** WORK ITEM **
Before copying, set the pictures aside; then repeat every line below verbatim.

(Stored records)
- Opening Delimiter -

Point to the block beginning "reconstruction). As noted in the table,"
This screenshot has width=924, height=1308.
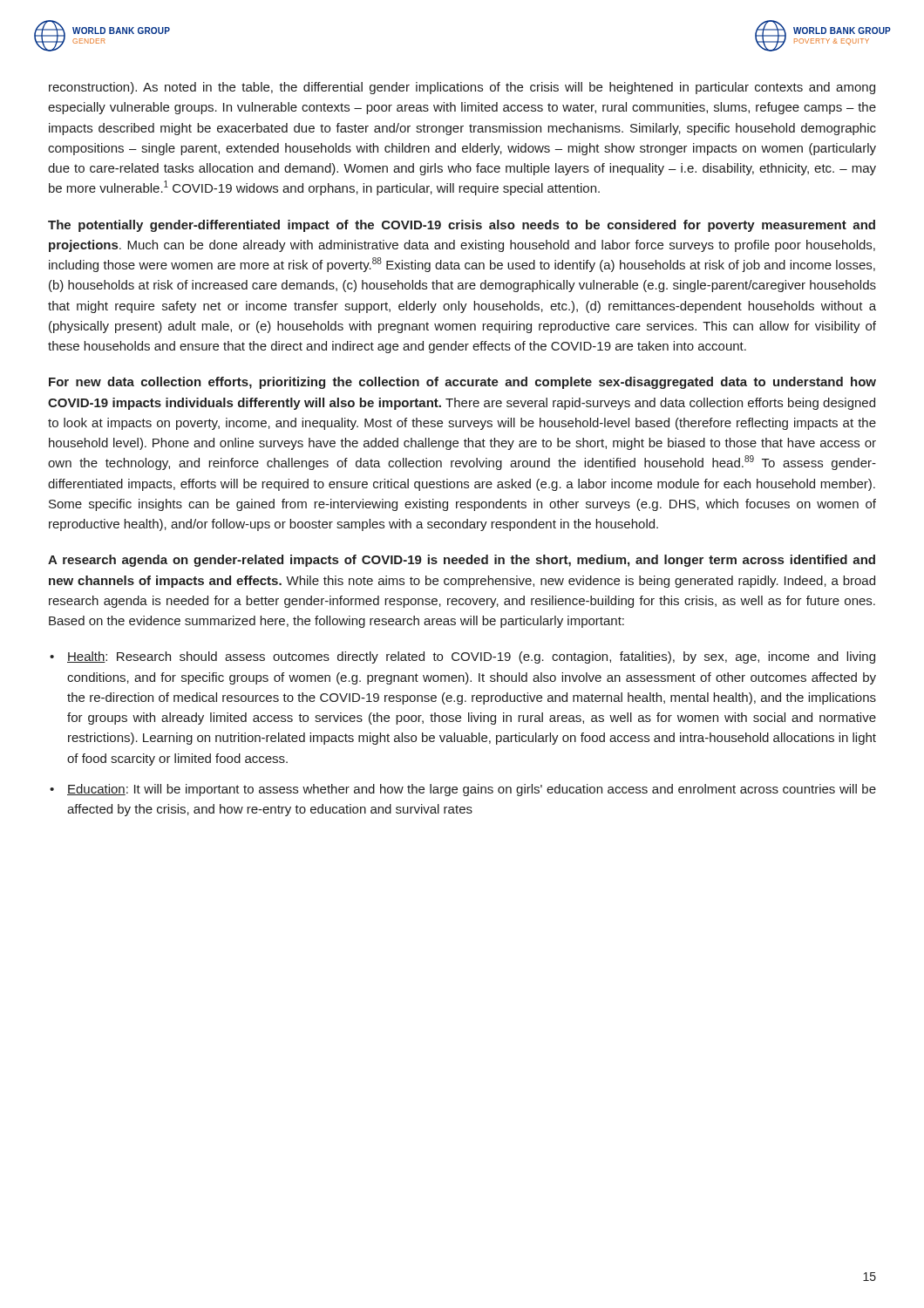(x=462, y=137)
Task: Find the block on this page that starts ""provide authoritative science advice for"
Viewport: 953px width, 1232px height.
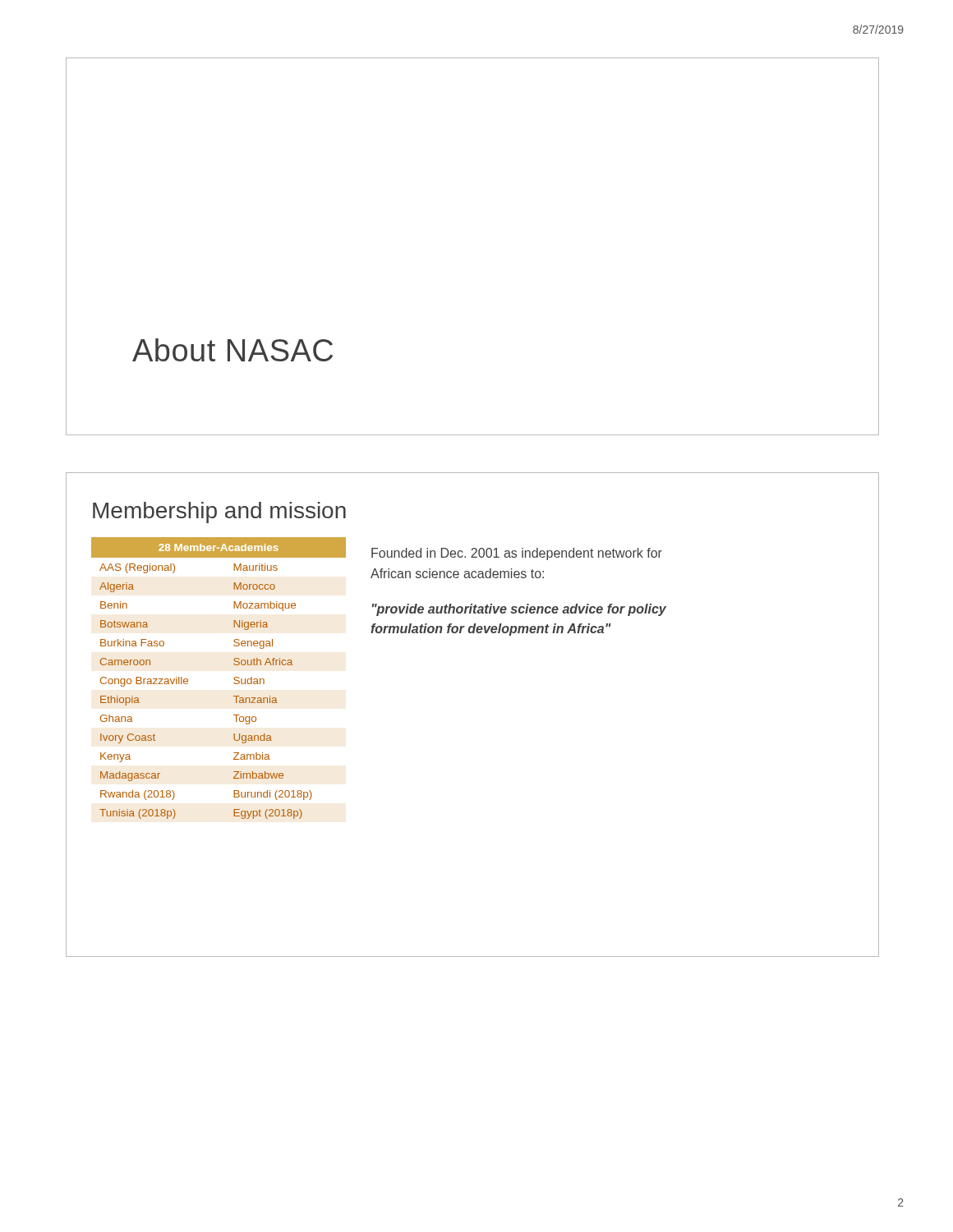Action: 518,619
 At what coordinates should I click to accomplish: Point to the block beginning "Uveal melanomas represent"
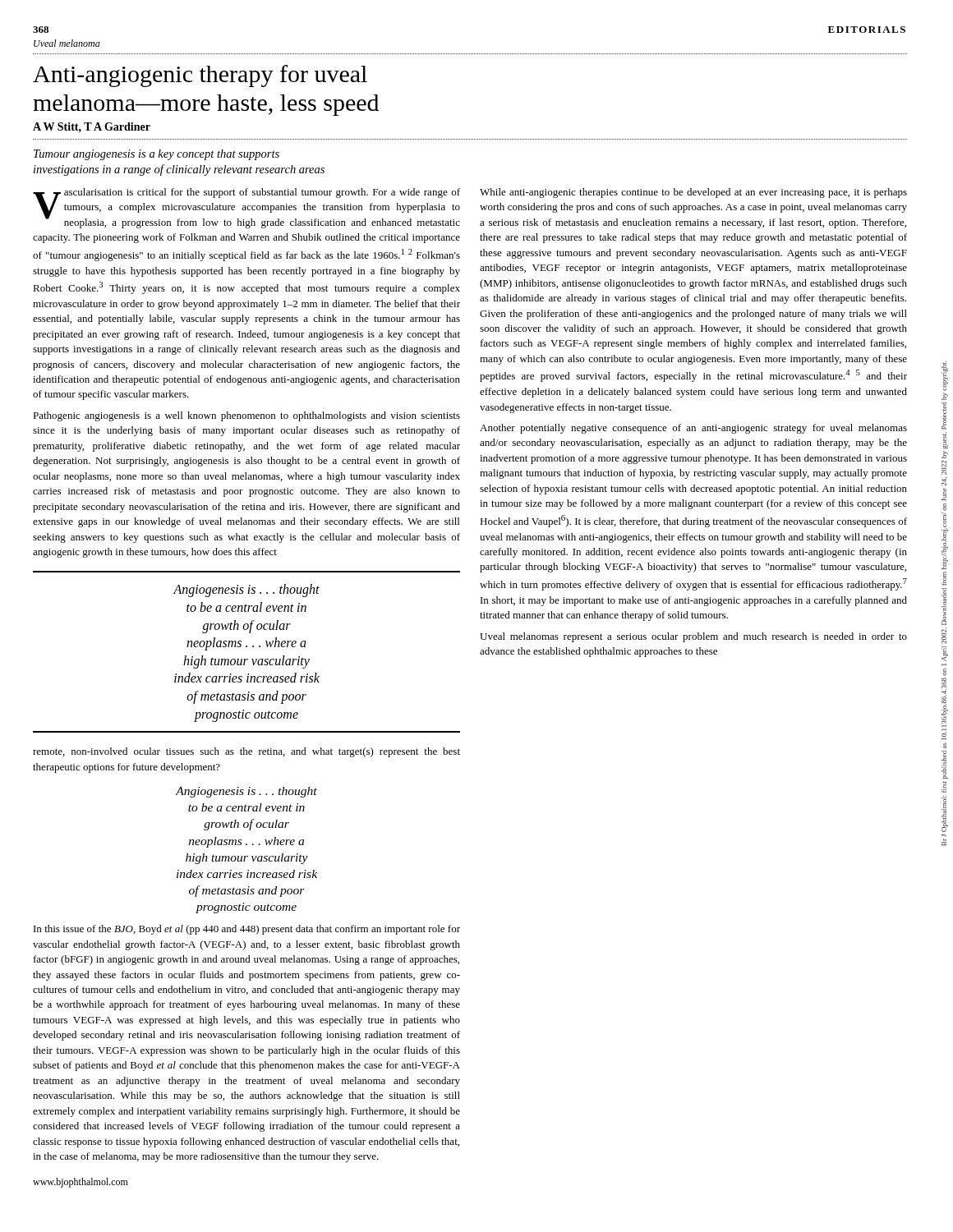pos(693,644)
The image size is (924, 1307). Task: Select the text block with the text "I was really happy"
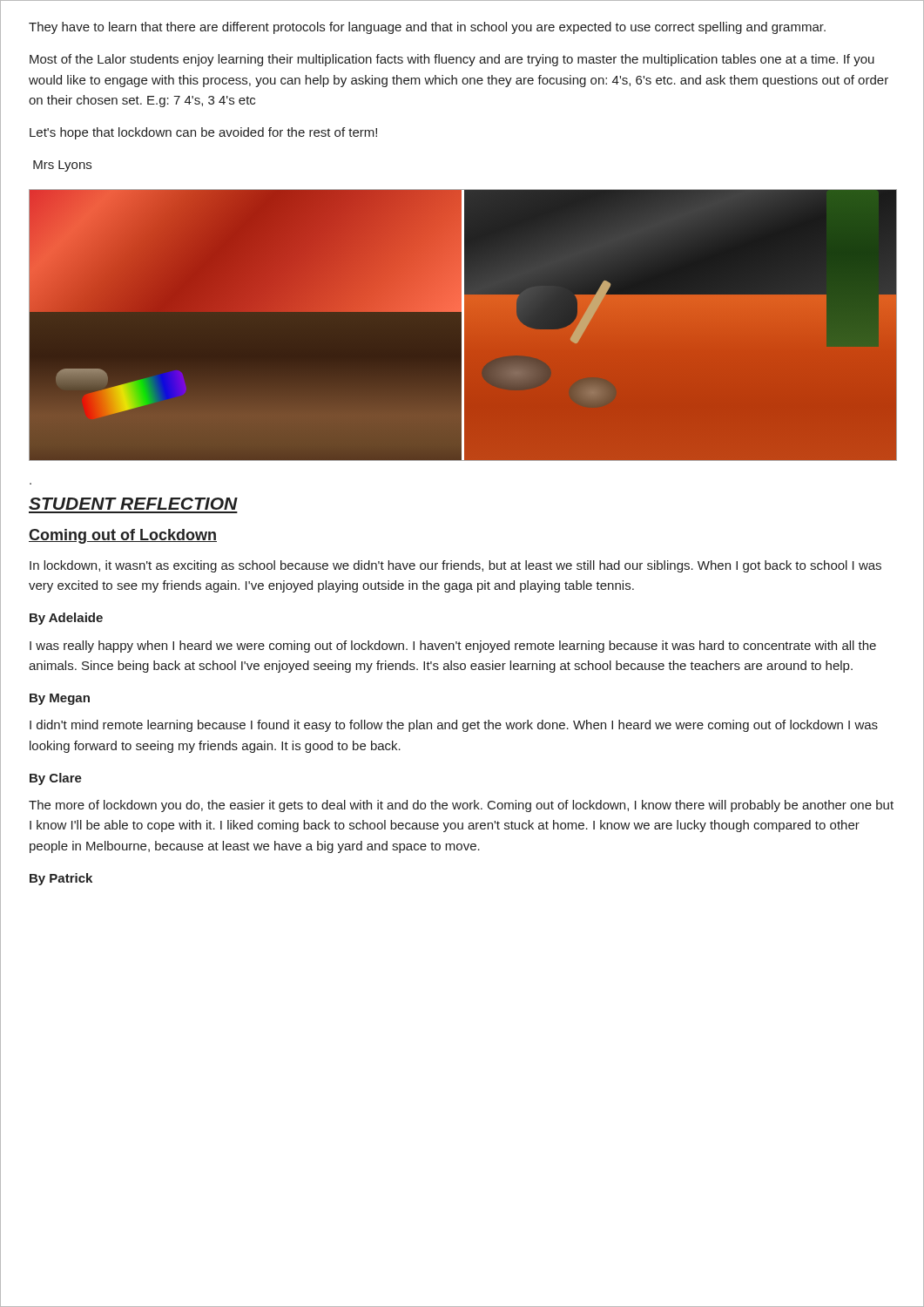[x=453, y=655]
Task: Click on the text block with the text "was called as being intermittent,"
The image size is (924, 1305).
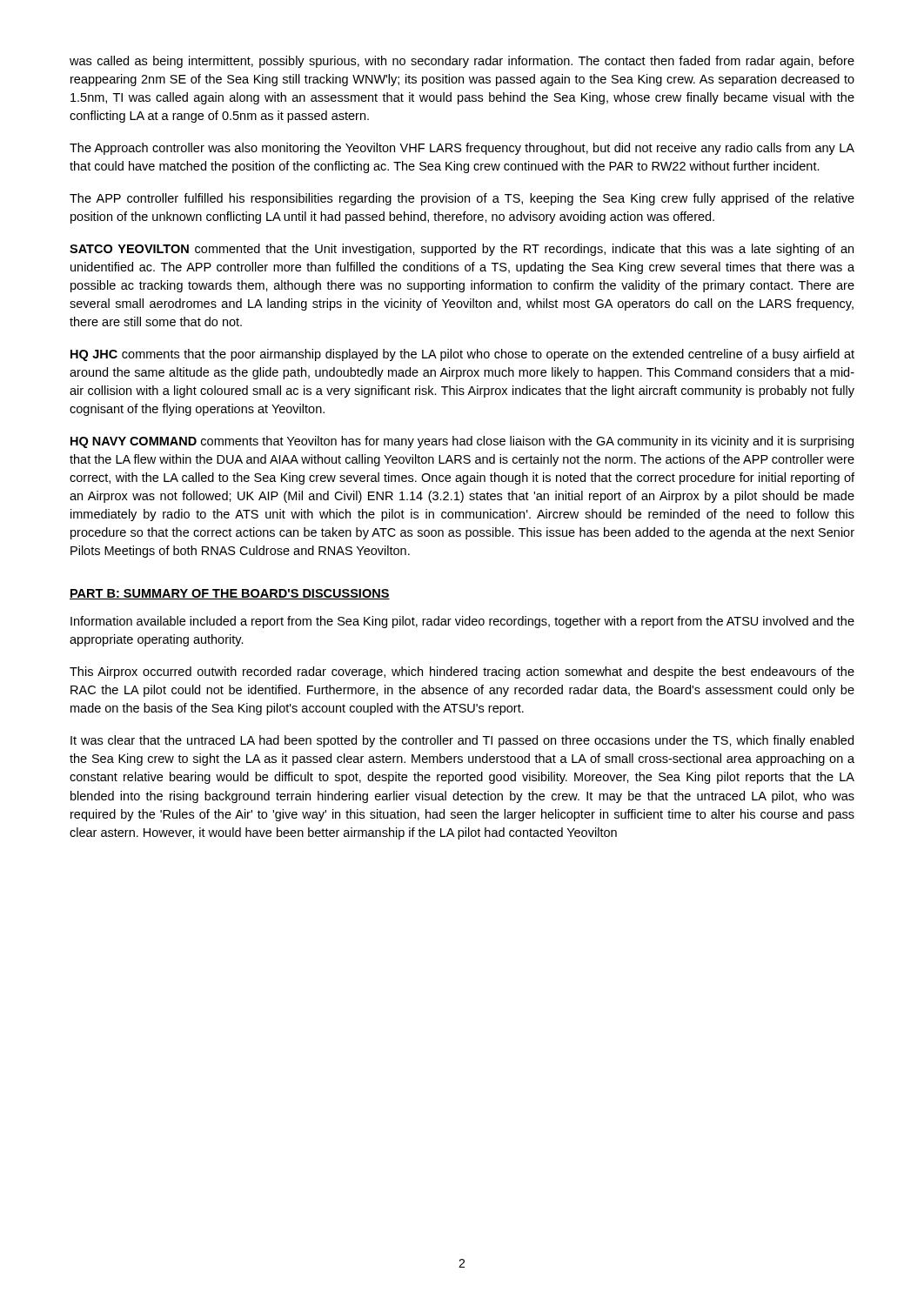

- Closing Delimiter -

** SOLUTION **
Point to the block beginning "reconstruction). As noted in the table,"
This screenshot has width=924, height=1308.
(x=462, y=137)
Task: Find the block on this page that starts ""provide authoritative science advice for"
Viewport: 953px width, 1232px height.
Action: 518,619
 At what coordinates should I click to accomplish: Point to the block beginning "Uveal melanomas represent"
pos(693,644)
The image size is (924, 1307). Task: Select the text block with the text "I was really happy"
[x=453, y=655]
Task: Click on the text block with the text "was called as being intermittent,"
The image size is (924, 1305).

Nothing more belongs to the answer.